The Insight That Connects to Life
The connection between Axelrod’s cultural dynamics model and Conway’s Game of Life is not metaphorical. It is mathematical.
Both are two-dimensional grids of discrete cells with local update rules. In Life, a cell is alive or dead; in Axelrod’s model, a cell has a cultural vector. In Life, the update rule is deterministic (B3/S23); in Axelrod’s model, it is probabilistic (interaction probability = cultural overlap). In Life, patterns either grow, stabilize, or die; in Axelrod’s model, cultural regions either grow, stabilize, or get absorbed.
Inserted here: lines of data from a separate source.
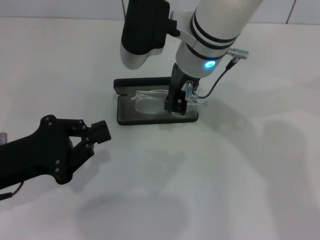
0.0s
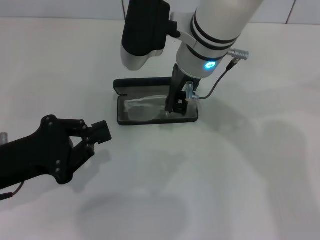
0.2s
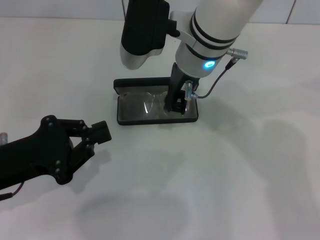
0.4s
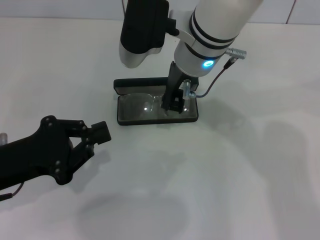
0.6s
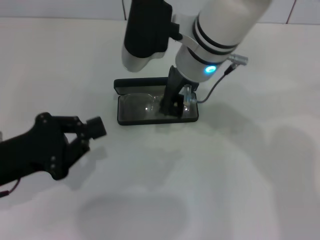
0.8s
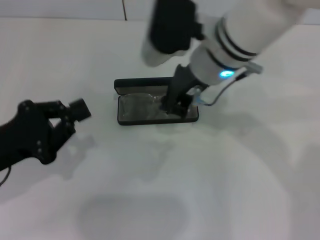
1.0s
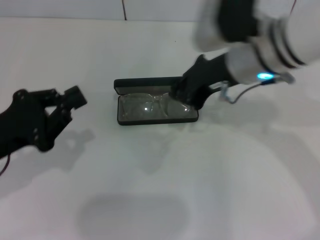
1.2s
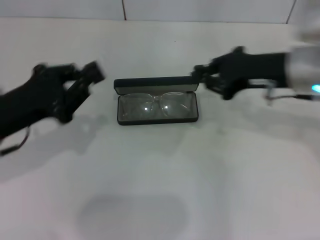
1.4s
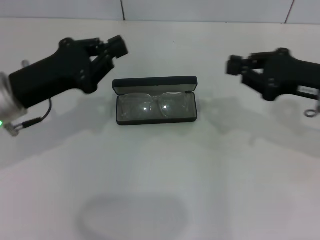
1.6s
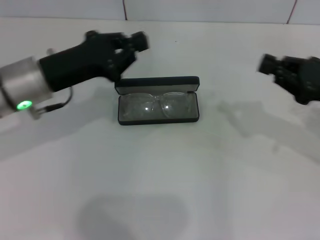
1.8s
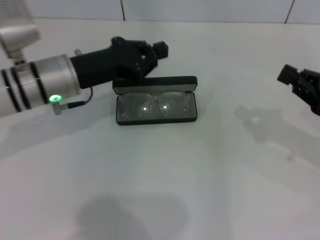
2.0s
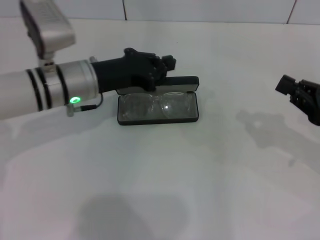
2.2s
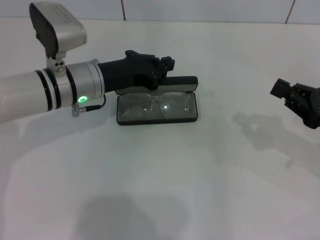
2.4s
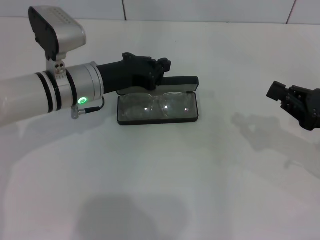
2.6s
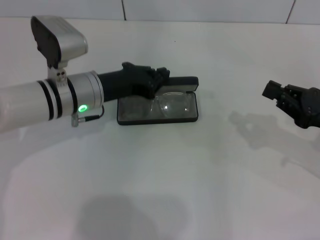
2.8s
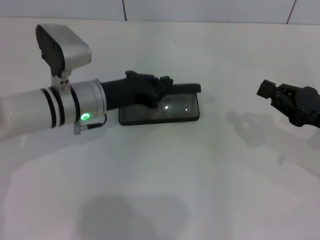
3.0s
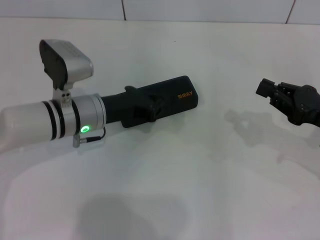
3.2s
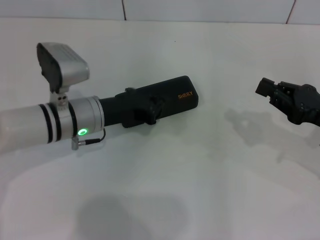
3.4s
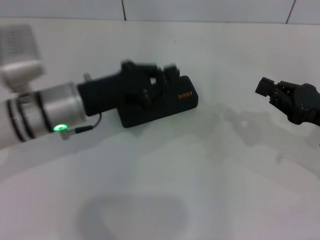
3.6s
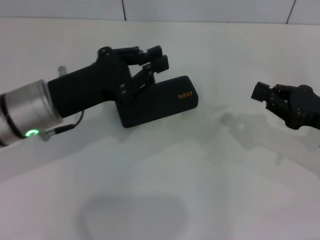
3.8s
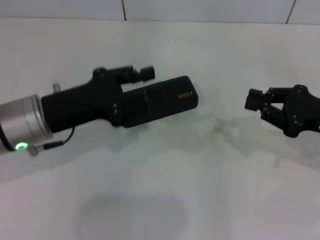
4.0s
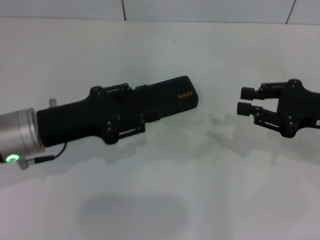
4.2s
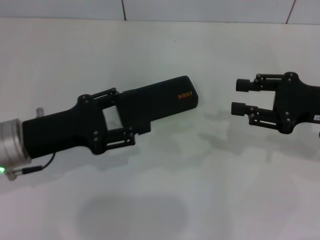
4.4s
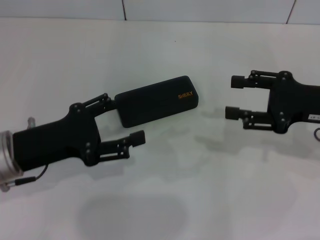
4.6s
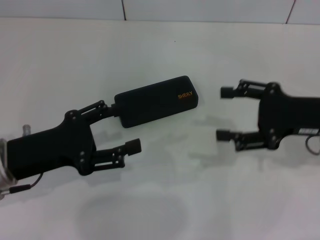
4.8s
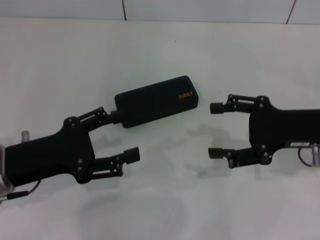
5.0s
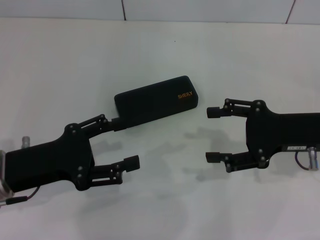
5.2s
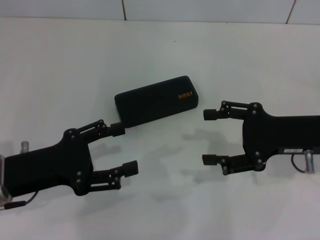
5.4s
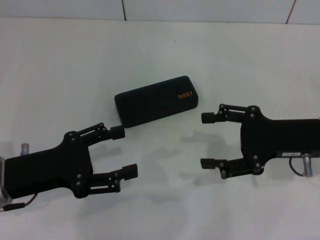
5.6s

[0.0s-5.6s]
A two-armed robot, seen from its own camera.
Step, 0.6s to 3.0s: Close the glasses case with your left hand.
0.0s to 1.4s: The right gripper is displaced to the right by approximately 15 cm.
1.4s to 2.8s: The right gripper goes approximately 15 cm to the right, downward and backward, while the left gripper moves forward and to the right, approximately 15 cm.
2.8s to 4.2s: The right gripper moves roughly 5 cm. Meanwhile the left gripper goes roughly 10 cm backward and to the left, and opens.
4.2s to 5.6s: The right gripper opens, while the left gripper shifts approximately 5 cm backward, and opens its fingers.

The deeper parallel is the one that matters: in both cases, the global pattern — the distribution of live cells, or the distribution of cultural regions — is entirely determined by local rules, and it cannot be predicted from the local rules without simulation. You cannot look at B3/S23 and deduce the existence of the glider. You cannot look at Axelrod’s F and q parameters and deduce exactly which cultural regions will survive.
This is the fundamental lesson of both models: complex global structure does not require global coordination. It requires local rules and time.
Cultural diversity is not maintained by international institutions or deliberate preservation efforts — or not primarily. It is maintained by the same local interaction dynamics that created it. The grid runs itself.